Marta de Cidrac
Sénatrice des Yvelines
Vice-présidente de la Commission de l’Aménagement du territoire et du Développement durable
Secrétaire de la Commission des Affaires européennes

Présidente du Groupe d’études sur l’Economie circulaire, Rapporteuse des Lois AGEC et Climat et Résilience, Marta de Cidrac est, notamment en pointe, en matière de combat pour la défense du papier et de l’imprimé face au tout numérique, mais aussi pour la maîtrise de l’empreinte carbone. Rencontre…

À rebours de ce que l’Assemblée nationale a voté, vous aviez souhaité réécrire l’article 9. Quelle était votre motivation ?

Le débat sur le Stop-pub a déjà eu lieu dans le cadre des auditions de la Loi AGEC. Le renforcement du Stop-pub et des sanctions attenantes ont été votés. Aujourd’hui, je ne reprends pas le débat. Si la Loi AGEC n’a pas tout résolu sur tous les sujets, elle a été votée, elle doit pouvoir se déployer, puis être évaluée. Je suis plutôt dans cet état d’esprit. D’une manière générale et notamment dans le domaine de l’environnement, il est important pour nos concitoyens que nous ayons de la stabilité et de la clarté dans nos propositions et nos votes. Le Stop-and-Go législatif est contre-productif. Il faut que cela s’inscrive dans un minimum de temps. Je n’écarte pas le Oui-pub par principe, je dis juste que le moment n’est pas opportun.
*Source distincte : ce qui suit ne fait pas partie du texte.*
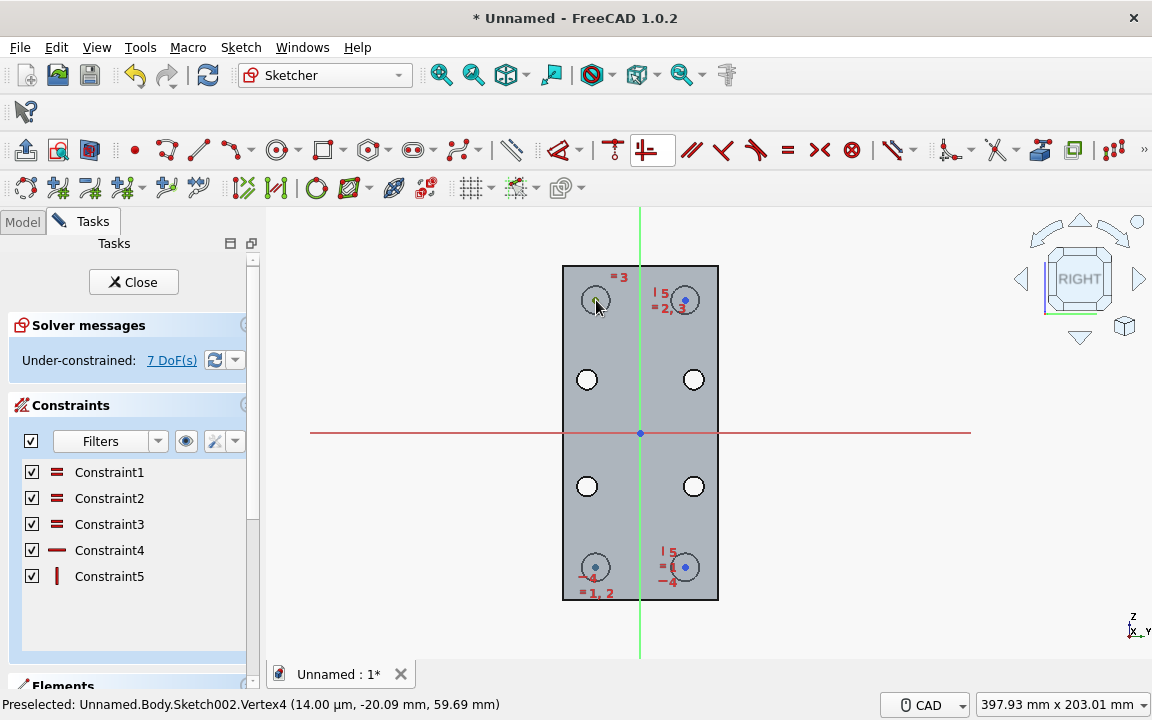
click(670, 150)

Le Oui-pub n’est-il pas aussi stigmatisant ?

J’avais argumenté deux autres aspects lors des auditions de la Loi AGEC. Le système Stop-pub signifie que l’on ne veut pas la publicité, mais dans le Oui-Pub il y a, d’une part, une connotation de la consommation par rapport à son voisinage. Et l’autre volet est plus social : dans ces publicités figurent des bons de réductions qui peuvent être un marqueur social ou de nécessité. Ce sont précisément les raisons pour lesquelles je n’étais pas en accord avec le Oui-pub proposé dans le texte.

Le Gouvernement est revenu à sa version de l’article 9…
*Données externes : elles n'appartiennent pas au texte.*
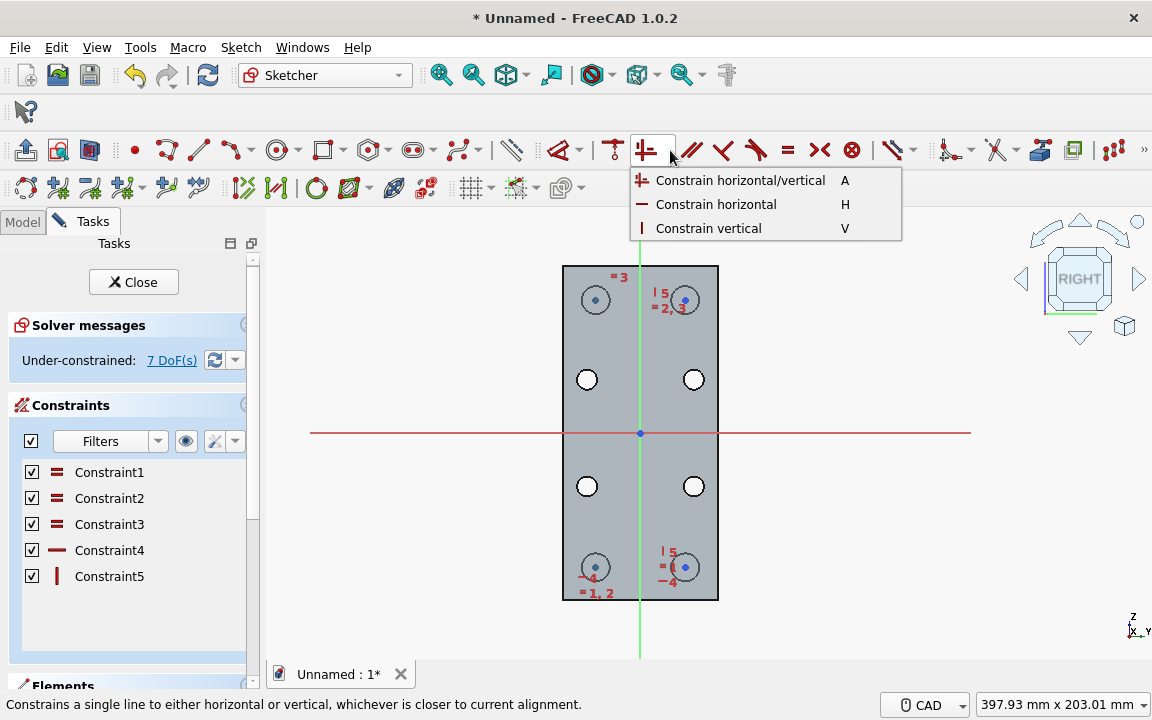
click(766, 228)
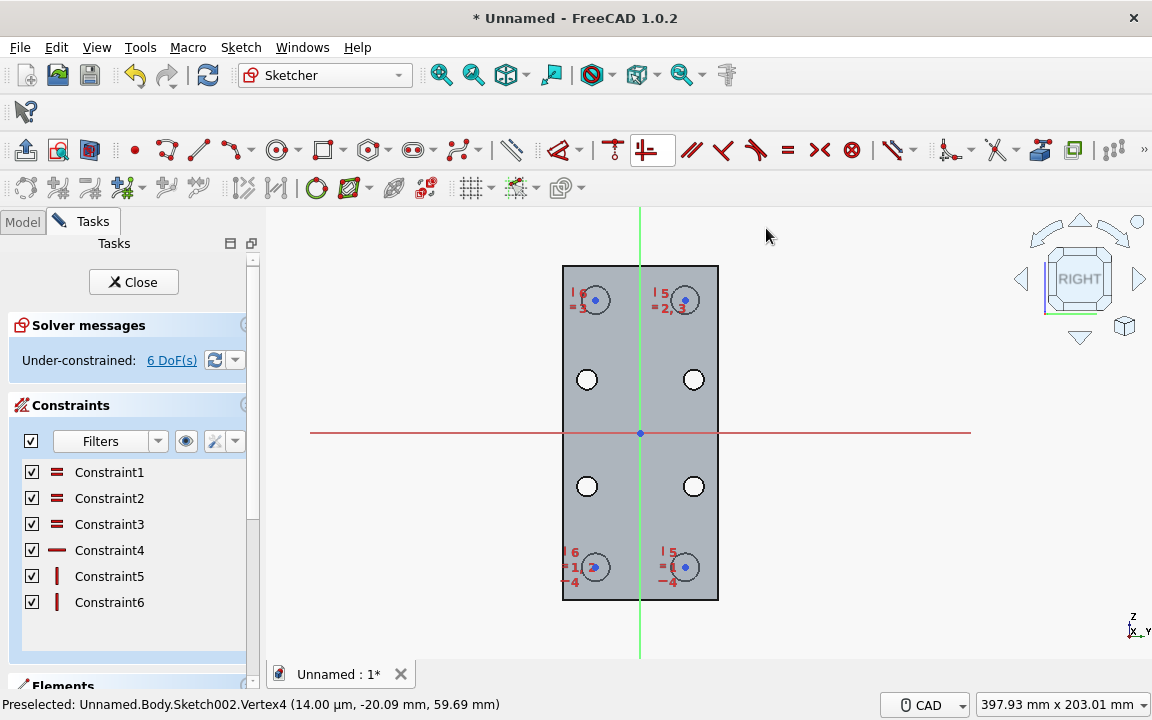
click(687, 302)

J’en conclu qu’il y tient beaucoup. J’essaie, raisonnablement, de convaincre. Je ne veux pas en faire une affaire personnelle, mais je souhaite que la voix des élus soit entendue. De plus je souhaite rappeler que toute réflexion sur l’environnement a aussi des impacts éminemment sociaux.
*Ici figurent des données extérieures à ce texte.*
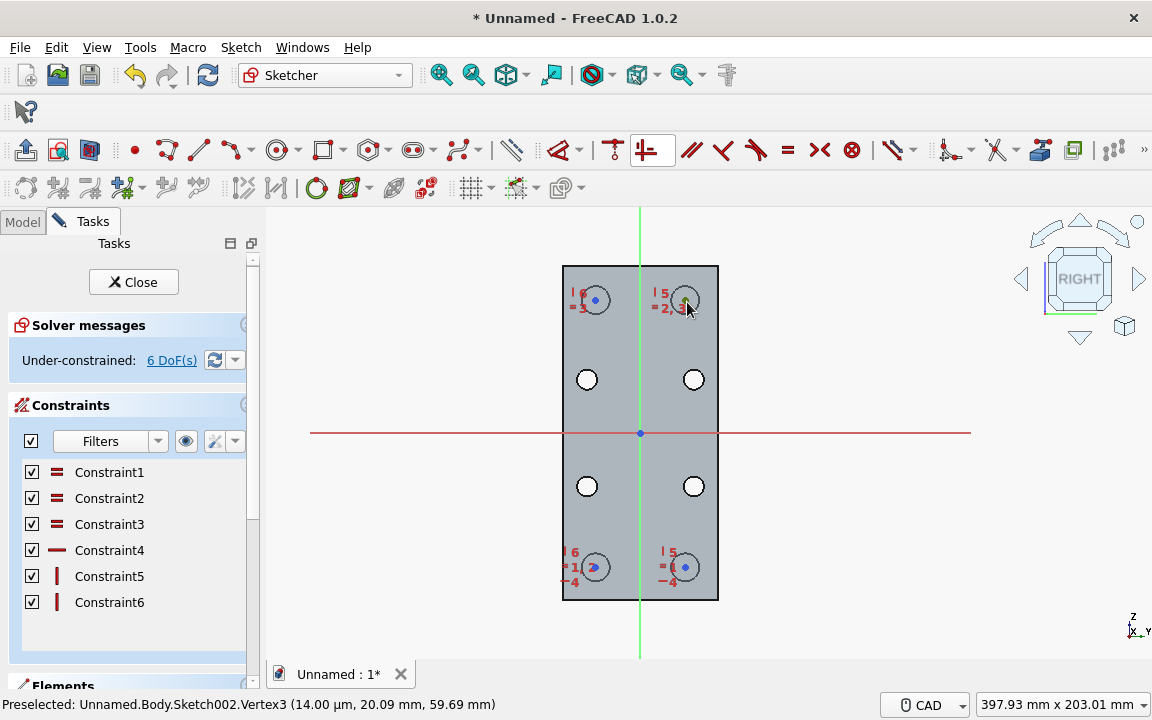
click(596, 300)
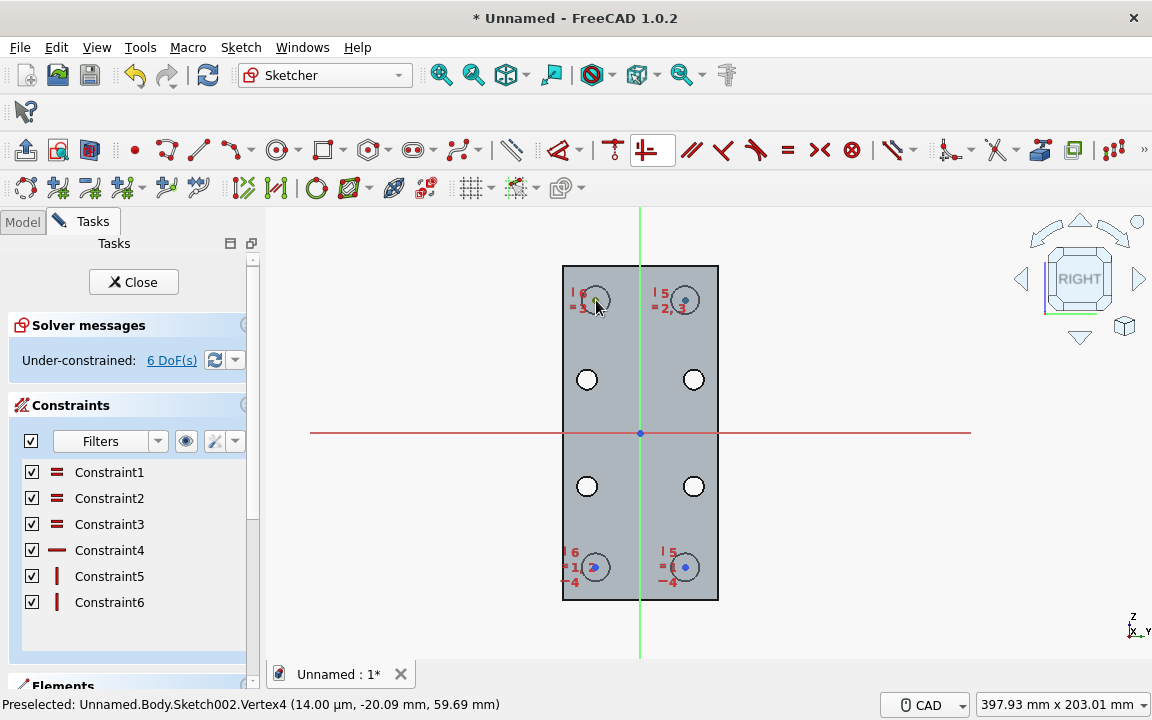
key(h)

Le Stop-pub a le mérite d’être clair sans être pour autant stigmatisant…

Ce texte de loi vient à la suite de la Convention citoyenne. Le Gouvernement souhaite lui laisser un gage comme beaucoup de leurs propositions n’ont pas été retenues. C’est une mesure emblématique. Mais je trouve que ceux qui ont accompagné les citoyens de la Convention auraient pu argumenter sur la loi déjà votée. Le travail parlementaire n’est pas quelque chose qu’il faut ignorer !

Le Sénat a voté en janvier une loi pour la sobriété numérique, dont la discussion va commencer à l’Assemblée. Ne croyez-vous pas qu’elle aurait dû s’inscrire dans la Loi Climat et Résilience, puisqu’elle vise aussi à réduire l’impact environnemental du numérique ?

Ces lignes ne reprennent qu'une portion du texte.